Ich habe den Code einigermaßen bereinigt und nur die Dinge drin gelassen, die einigermaßen wichtig sind. BAer du kannst ja jetzt noch daran herumbasteln. Dein Fehler lag darin, wie bereits mein Vorgänger erläutert hat, dass du extrem viele Tags einach geöffnet und nicht geschlossen hast. Das ist gerade bei Tabellen "totlich". Du solltest aber auch beachten, dass ich nicht für die Kompatibilität meines Codes mit deiner "format.css" garantieren kann.
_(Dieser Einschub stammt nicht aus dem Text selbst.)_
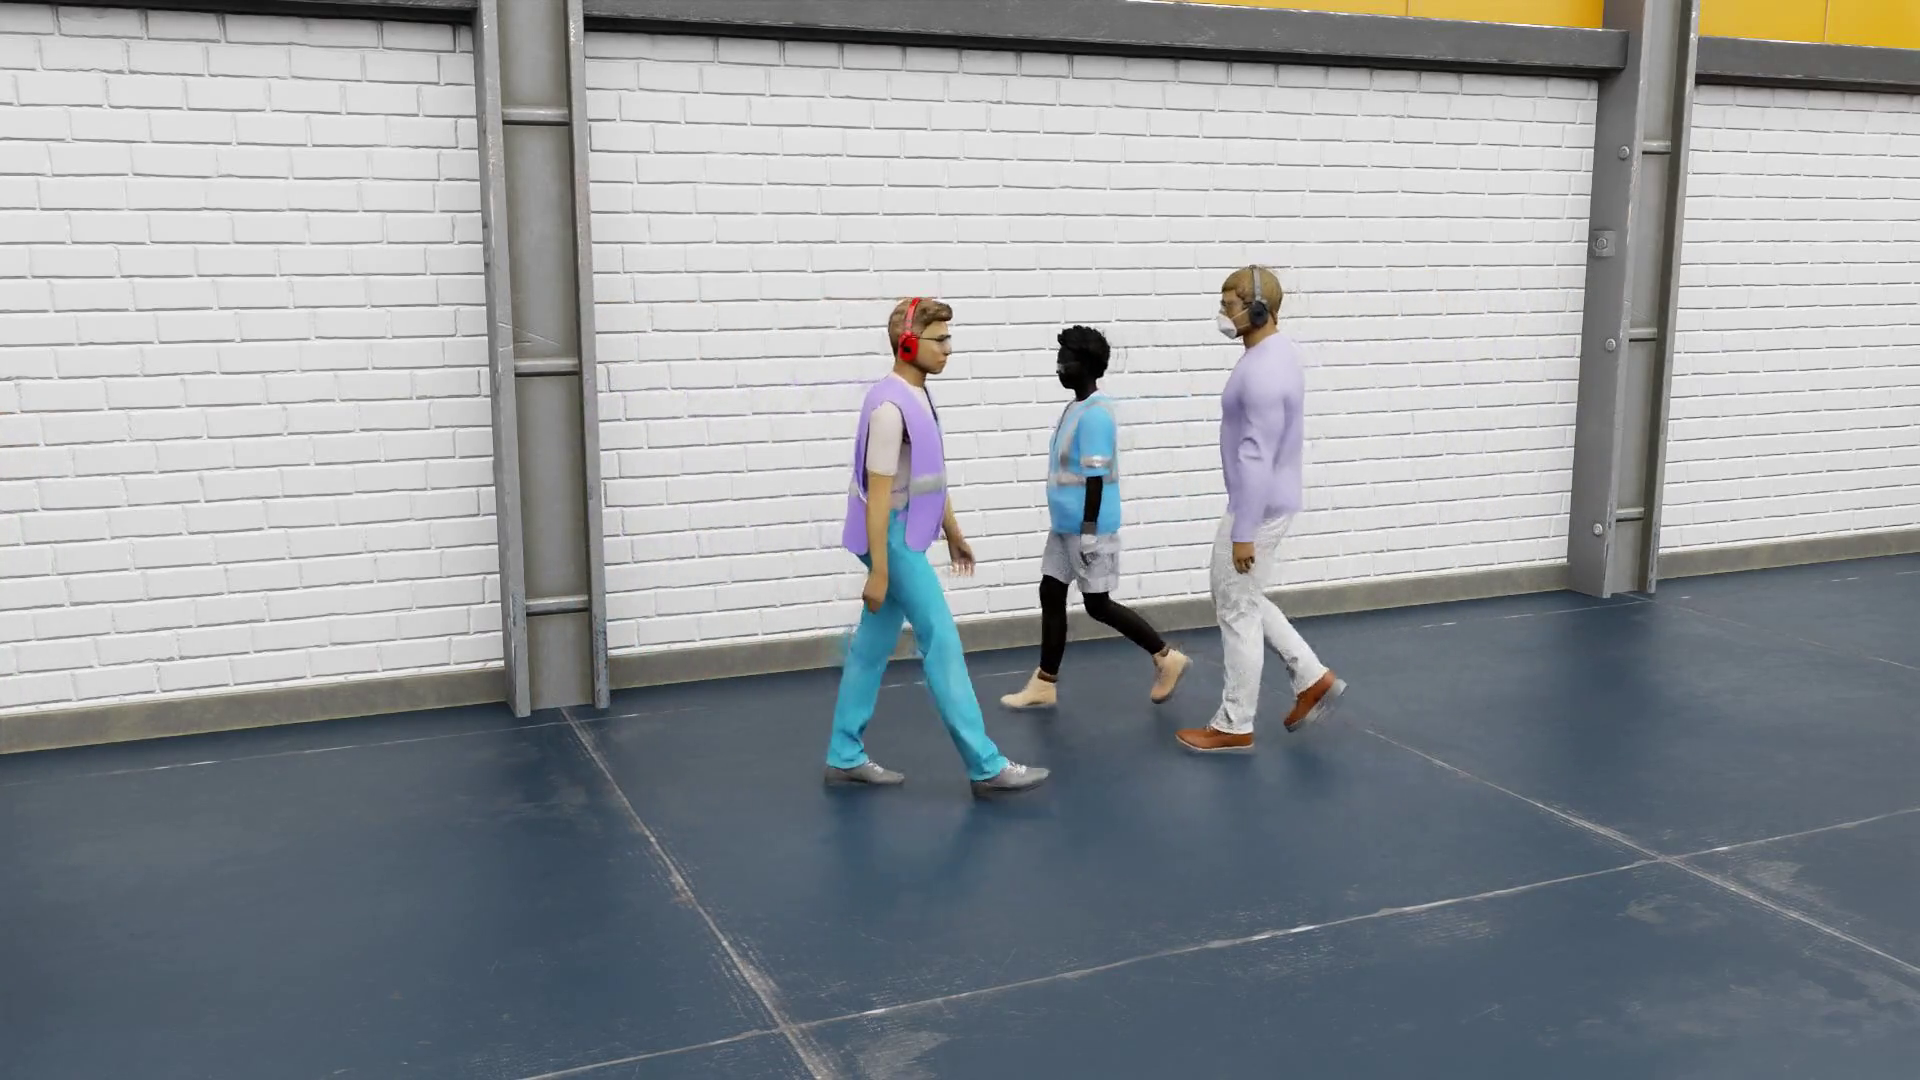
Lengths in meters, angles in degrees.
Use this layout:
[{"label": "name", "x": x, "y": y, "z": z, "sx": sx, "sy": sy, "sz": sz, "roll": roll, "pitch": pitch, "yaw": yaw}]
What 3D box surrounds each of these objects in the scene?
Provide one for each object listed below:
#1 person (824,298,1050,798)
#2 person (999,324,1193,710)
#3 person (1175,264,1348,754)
[{"label": "person", "x": -0.089, "y": 0.042, "z": 5.997, "sx": 0.913, "sy": 1.801, "sz": 0.594, "roll": 1, "pitch": 10, "yaw": 4}, {"label": "person", "x": 0.589, "y": -0.079, "z": 7.062, "sx": 0.771, "sy": 1.670, "sz": 0.539, "roll": -1, "pitch": 10, "yaw": -8}, {"label": "person", "x": 1.170, "y": -0.097, "z": 6.444, "sx": 0.568, "sy": 1.928, "sz": 0.648, "roll": 2, "pitch": 11, "yaw": 13}]

Durch die CSS-Datei kann die ganze Geschichte auch wieder anders aussehen.

Hoffe ich konnte dir ein Stückweit helfen.
Gruß, ehnatnor


----------



## c2uk (1. März 2005)

Du hast ihm sogar den onload in den body-tag geschrieben und diesen aufgeräumt (nur kleiner Hinweis, bei dem padding:0 gehört noch ein ; hin), wow, das nenn ich mal echte Hilfsbereitschaft.


----------



## ehnatnor (1. März 2005)

Tja, man hat sonst nichts um diese Uhrzeit an einem Montagabend zu tun, wenn man Student ist und Semsterferien hat.....
Hat ja auch nicht wirklich lange gedauert.

Danke für den Hinweis mit dem Semikolon - hab ich wohl übersehen.

Gruß, ehnatnor


----------